20050727, 11:32  #1  
Aug 2002
Termonfeckin, IE
5×19×29 Posts 
New ECM Effort Tables for Cunningham Composites Ready
Since, the previous thread at
http://www.mersenneforum.org/showthread.php?t=3998 meandered into a discussion of parallelization of the matrix step, I decided to start a new thread for this discussion. Those who get lost in my references to Bruce's posts are asked to refer to that thread. I'm almost ready to release the latest tables of ECM effort expended on Cunningham composites. I've made a few assumptions though and I would like it if people could verify that these are correct before I post the tables up on the forum. 1. I've decided to convert the curves reported from the actual number of curves to the proportion done. This was done to eliminate the confusion between Prime95 curves and ECM5.0.3 curves and ECM6 curves. So now you will see figures like 0.57 instead of say 3450. 2. In the tables I received from rogue I have assumed that all base2 curves are Prime95 curves since rogue used George's tables for this and George is still using Prime95 curve equivalents. For all other bases I assumed the curve counts are ECM6 except for the few cases where Bruce's emails/posts make it clear these were ECM5 curves. The current tables do Prime95 counts and there was a little bit of mixing between Prime95 and ECM6 counts on the other bases but I have sorted it out conservatively. I assumed that Bruce's figures that rogue added to the nonbase2 tables were ECM6 and converted them accordingly. There will nevertheless be some undercounting/overcounting but with over a thousand composites it is a tedious task and just not worth anyone's time to strive for 100% accuracy. And as Bob Silverman reminded me here http://www.mersenneforum.org/showpos...3&postcount=32 Quote:
is only significant when large efforts such as those of Bruce are doublecounted.
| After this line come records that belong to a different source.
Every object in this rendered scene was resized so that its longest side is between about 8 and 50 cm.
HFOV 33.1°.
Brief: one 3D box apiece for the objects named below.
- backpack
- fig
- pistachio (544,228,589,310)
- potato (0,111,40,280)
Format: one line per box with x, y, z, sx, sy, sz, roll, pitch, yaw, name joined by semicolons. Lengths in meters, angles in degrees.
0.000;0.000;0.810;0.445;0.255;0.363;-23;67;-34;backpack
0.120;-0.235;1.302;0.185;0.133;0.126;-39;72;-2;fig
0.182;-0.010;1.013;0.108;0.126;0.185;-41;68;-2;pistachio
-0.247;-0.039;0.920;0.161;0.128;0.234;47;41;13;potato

But I think Rogue has done a good job of sorting that out! 3. My third point, which is a doubt that remains unclear is over how Bruce Dodson has computed curve equivalences. His emails/posts led me to believe that he was implying that x curves at B1=11e6 are equivalent to x*(11e6/44e6) = 0.25x curves at B1=44e6. First, was he really implying this? I doubt that this is correct. Secondly, he also seemed to say in one of his emails/posts that making the p45 column as done caused him some confusion as he assumed that 10600 curves had been run for p45 which is equivalent to 2650 curves at the p50 level. I have two questions here: Should 2650 curves be added to the p50 column? I do not think so as Paul Zimmerman's page clearly states that you do x curves at p40 and then do y curves at p45 etc. Which means optimal parameters require running the appropriate number of curves at EACH level and curves at one level do not count against another level. There is a second possibility in that Bruce was talking about curves in excess of those required for p45. That is if instead of 10,600, p45 had 20,600 curves run then we can accrdingly reduce the number of required curves at the p50 level by 2650. I realize that there is one exception to the rule above in that running some curves at a high B1 level makes the chances of finding a smaller factor much smaller which means that say 400 P95 curves at p60 makes runnning any more curves at p40 pointless. If my understanding of the situation is correct, I propose that we measure these curves in a conservative fashion. Rogue has done an excellent job figuring out Bruce's emails  which are sometimes confusing to me :). I propose that only if enough curves have been run at a higher B1 to make running curves at the lower level pointless do we mark the lower level as complete. However I would elicit opinions on whether this "pseudocompletion" should be signified with a 1.0 or done or with a "NR = Not Required". Similarly, curves at a lower level count for a higher level only if we have CLEAR evidence that more than the required number of curves have been run. Only then will the additional curves be translated and added to the next higher level. This should clear everything up. Please do post your comments, particularly Bob, Bruce, Rogue and George. 

20050727, 11:57  #2  
Nov 2003
2^{2}×5×373 Posts 
Quote:
Bob BTW, not to criticize Bruce, but I also find his emails confusing.. This was a source of dispute some time ago when I may (probably did) have misinterpreted some of his data. Another possible way to combine counts at multiple levels would be to report "probability" of an undiscovered factor remaining at that level. Of course, this probability is either 0 or 1. What this really means is the probability that ECM has failed to find such a factor, if it exists. Under this interpretation, a p50 curve WOULD also add to the p45 level. I like this interpretation best of all, but it does mean having software that can estimate Dickmans's function fairly accurately. Note that if we run the optimal number of curves for a given level, the chance of failure is still (11/e). 

20050727, 12:33  #3 
Aug 2002
Termonfeckin, IE
AC3_{16} Posts 
I think that is an excellent idea. However, I wonder if most readers of the forum would read the fine print. When they see (11/e) in the conditional probability of finding a factor column, they will most likely want to do further curves at that level.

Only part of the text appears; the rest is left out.